WORK ITEM -> The copy you return must begin at the line containing "Horizontal angle of" and end at the final line of the listing below, with every picture left out.

DATA BELOW ->
----

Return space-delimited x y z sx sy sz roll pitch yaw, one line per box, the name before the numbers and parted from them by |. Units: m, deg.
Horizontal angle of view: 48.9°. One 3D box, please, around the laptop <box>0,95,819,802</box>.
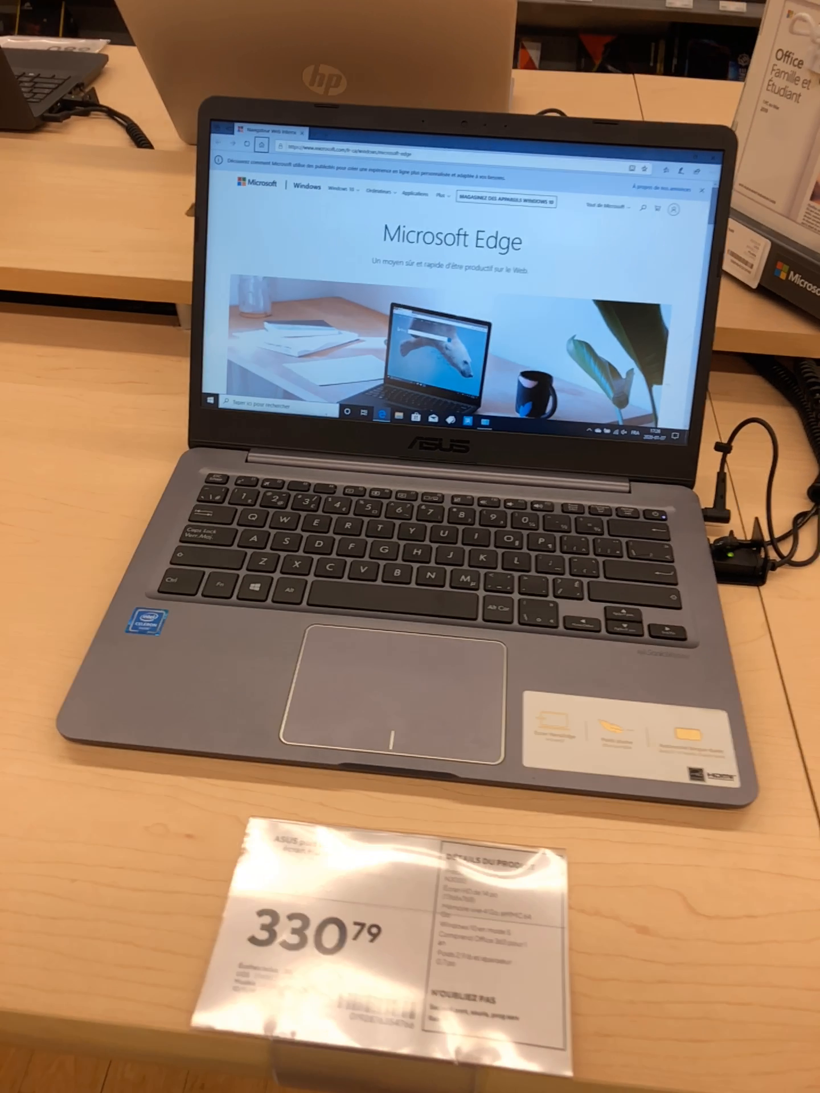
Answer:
laptop | 0.013 -0.077 0.469 0.309 0.173 0.328 5 44 3

----

ANSWER BOX ->
Horizontal angle of view: 48.9°. One 3D box, please, around the laptop <box>0,95,819,802</box>.
Answer:
laptop | 0.013 -0.077 0.469 0.309 0.173 0.328 5 44 3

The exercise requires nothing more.